Supplied information:

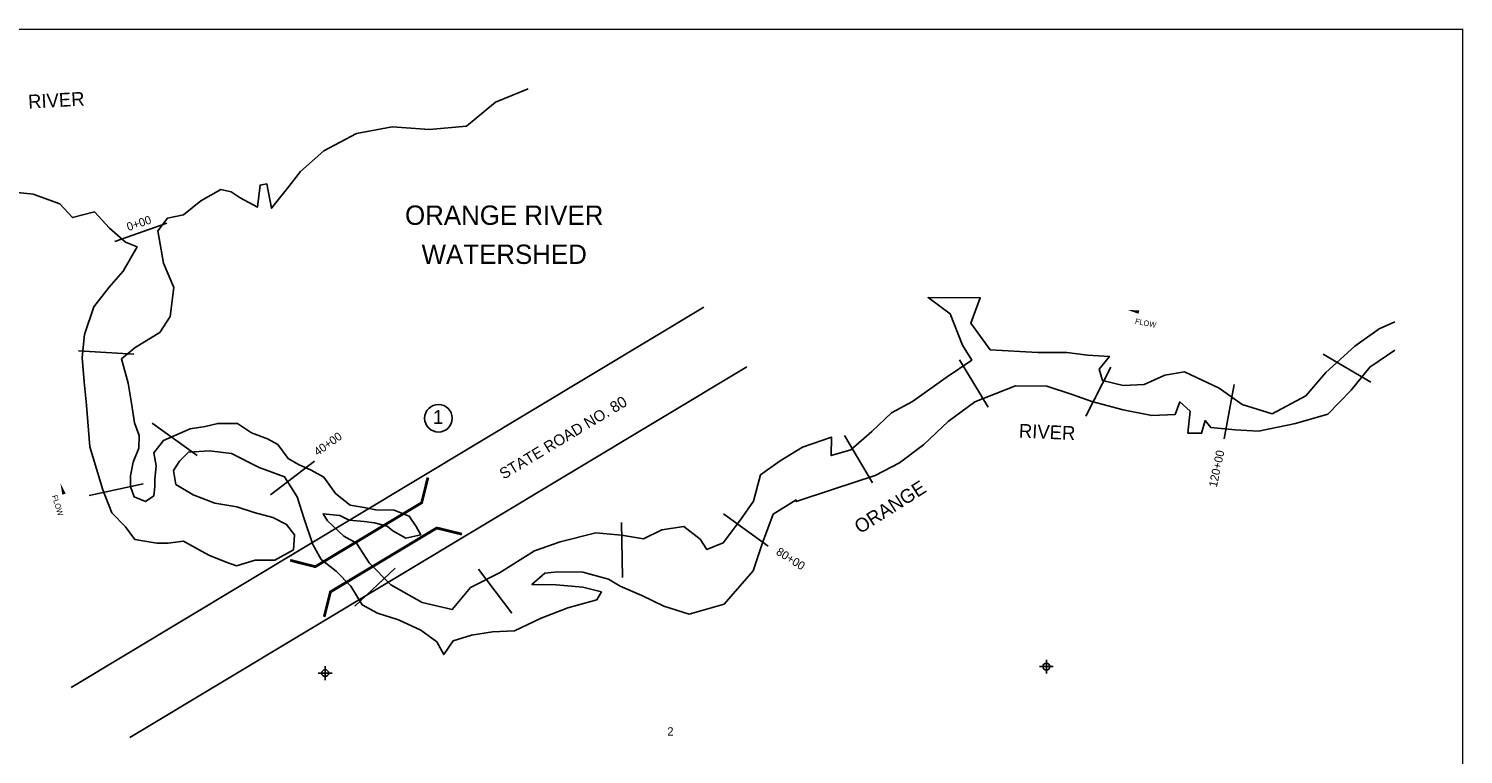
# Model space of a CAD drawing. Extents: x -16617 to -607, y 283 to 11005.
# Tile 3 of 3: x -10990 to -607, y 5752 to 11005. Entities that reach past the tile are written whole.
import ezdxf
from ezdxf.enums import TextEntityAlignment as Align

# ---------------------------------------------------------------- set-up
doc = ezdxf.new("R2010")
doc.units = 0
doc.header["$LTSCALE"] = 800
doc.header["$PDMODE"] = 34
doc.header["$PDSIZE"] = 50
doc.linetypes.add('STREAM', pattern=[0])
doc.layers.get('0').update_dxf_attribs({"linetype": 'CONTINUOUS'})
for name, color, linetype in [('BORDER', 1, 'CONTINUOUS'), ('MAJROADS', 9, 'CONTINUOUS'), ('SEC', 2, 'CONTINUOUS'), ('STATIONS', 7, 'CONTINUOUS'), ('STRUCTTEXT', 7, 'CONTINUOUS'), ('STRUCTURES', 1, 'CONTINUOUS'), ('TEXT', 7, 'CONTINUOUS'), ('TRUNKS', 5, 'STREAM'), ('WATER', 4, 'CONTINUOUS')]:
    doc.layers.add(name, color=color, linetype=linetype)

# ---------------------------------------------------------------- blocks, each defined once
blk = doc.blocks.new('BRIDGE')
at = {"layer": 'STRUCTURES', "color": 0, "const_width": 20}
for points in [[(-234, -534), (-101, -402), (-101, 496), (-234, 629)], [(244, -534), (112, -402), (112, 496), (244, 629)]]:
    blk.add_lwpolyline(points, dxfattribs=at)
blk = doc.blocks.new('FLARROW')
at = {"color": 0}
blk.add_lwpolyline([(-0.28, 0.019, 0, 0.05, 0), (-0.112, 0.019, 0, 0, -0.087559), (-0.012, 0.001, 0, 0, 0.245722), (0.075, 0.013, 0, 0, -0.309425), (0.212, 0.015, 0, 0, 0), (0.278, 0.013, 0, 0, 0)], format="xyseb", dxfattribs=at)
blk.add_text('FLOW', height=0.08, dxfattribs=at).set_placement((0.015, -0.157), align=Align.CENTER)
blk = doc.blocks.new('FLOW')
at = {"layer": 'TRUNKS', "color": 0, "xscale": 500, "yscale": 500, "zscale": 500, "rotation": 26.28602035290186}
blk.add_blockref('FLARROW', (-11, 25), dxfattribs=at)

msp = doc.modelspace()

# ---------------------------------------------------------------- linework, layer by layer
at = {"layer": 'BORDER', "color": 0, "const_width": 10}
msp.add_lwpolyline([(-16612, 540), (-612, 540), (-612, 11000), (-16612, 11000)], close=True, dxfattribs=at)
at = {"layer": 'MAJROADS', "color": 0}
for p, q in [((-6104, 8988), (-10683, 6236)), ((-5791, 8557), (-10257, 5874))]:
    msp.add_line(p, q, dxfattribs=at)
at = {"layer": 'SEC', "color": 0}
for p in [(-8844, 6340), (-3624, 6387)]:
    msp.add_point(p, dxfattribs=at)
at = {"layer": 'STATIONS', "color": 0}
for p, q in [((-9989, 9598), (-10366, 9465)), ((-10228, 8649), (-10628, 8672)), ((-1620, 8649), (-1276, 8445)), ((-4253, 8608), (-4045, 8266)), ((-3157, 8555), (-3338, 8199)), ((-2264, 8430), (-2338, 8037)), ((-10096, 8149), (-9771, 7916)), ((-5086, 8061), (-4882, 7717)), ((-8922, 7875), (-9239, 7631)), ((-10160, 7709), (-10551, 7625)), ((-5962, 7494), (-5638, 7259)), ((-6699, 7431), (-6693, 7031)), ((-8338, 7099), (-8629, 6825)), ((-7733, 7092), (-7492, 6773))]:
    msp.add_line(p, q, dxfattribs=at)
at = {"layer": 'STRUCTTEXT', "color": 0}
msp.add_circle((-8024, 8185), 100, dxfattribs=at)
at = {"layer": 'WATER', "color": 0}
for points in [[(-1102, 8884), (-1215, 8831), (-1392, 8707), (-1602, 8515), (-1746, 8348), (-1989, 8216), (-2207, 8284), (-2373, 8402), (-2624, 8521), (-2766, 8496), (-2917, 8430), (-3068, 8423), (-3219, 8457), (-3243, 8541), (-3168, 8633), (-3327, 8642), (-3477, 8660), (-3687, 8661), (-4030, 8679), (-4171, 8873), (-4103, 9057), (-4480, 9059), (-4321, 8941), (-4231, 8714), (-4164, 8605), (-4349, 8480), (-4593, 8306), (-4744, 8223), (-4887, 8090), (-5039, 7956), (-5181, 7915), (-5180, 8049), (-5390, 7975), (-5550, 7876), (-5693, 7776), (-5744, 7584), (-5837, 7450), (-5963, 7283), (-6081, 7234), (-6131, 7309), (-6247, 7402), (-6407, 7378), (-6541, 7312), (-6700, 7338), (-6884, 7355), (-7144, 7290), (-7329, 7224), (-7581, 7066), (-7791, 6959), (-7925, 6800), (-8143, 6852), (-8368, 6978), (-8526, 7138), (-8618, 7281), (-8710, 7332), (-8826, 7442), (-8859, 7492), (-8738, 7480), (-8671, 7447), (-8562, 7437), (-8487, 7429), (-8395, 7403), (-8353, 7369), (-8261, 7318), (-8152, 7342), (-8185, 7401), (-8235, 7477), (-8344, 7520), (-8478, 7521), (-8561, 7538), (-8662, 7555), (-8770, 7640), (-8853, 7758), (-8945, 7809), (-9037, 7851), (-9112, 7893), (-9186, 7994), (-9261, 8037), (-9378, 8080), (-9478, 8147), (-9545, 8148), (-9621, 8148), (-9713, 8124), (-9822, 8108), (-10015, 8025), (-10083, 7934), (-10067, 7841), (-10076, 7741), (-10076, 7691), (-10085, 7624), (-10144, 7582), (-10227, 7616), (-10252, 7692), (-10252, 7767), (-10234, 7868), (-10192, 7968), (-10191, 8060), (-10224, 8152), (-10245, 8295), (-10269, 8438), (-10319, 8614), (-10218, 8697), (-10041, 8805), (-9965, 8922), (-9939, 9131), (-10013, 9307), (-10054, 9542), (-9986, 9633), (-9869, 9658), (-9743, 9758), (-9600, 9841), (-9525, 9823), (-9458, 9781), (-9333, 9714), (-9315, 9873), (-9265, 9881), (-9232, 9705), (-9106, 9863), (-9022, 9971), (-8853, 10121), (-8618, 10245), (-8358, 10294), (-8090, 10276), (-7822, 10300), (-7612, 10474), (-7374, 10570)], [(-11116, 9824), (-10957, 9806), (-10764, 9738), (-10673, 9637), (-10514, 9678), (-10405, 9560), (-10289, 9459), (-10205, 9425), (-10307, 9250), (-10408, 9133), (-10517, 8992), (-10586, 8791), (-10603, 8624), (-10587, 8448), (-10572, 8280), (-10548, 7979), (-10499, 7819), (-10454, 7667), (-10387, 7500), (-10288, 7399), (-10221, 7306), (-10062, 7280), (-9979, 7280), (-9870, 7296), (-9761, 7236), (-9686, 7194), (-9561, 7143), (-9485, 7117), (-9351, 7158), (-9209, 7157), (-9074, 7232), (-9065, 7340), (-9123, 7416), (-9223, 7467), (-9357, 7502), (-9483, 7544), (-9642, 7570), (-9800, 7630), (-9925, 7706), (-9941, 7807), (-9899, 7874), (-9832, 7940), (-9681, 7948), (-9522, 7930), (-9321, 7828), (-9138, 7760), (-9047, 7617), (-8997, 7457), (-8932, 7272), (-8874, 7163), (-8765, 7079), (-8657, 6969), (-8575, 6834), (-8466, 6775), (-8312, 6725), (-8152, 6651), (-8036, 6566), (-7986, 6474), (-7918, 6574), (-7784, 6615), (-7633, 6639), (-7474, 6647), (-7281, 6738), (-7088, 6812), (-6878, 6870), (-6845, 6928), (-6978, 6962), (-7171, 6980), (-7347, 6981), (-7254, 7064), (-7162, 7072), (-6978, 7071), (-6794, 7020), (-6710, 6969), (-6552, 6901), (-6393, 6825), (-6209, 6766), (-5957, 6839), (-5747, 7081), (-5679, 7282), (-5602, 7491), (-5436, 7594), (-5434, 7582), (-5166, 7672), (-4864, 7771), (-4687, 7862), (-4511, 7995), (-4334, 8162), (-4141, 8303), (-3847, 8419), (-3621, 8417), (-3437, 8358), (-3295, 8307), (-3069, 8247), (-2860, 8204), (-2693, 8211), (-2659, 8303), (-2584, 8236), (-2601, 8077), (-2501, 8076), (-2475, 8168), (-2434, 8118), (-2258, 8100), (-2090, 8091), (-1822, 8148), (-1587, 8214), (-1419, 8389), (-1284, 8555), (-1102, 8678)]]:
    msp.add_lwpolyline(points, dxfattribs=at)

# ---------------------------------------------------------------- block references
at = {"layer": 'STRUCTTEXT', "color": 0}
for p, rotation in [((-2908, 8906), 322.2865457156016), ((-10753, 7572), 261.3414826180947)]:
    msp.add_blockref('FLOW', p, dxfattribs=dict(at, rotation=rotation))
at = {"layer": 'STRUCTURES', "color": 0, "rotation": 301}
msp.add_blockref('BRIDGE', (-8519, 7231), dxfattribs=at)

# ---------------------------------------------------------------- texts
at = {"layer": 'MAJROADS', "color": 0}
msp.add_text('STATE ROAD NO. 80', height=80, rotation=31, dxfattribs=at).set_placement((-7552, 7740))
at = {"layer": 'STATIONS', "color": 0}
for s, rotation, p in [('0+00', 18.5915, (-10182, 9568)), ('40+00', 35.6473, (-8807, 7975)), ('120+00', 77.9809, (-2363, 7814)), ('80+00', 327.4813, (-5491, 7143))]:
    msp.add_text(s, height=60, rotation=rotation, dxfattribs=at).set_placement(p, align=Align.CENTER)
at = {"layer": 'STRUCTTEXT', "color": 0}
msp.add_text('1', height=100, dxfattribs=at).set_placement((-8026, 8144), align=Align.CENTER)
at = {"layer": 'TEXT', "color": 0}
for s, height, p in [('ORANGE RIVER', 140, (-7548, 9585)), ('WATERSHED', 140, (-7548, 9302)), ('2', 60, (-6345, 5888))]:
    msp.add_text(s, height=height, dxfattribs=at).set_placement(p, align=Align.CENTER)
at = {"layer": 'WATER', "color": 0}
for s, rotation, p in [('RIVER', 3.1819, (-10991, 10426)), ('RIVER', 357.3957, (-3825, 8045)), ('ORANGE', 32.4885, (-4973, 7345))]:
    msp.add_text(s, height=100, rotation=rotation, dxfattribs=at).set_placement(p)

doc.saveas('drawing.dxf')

Task objective:
Look through the entries and copy every line in which the string "drawing" appears.

Response for this exercise:
# Model space of a CAD drawing. Extents: x -16617 to -607, y 283 to 11005.
doc.saveas('drawing.dxf')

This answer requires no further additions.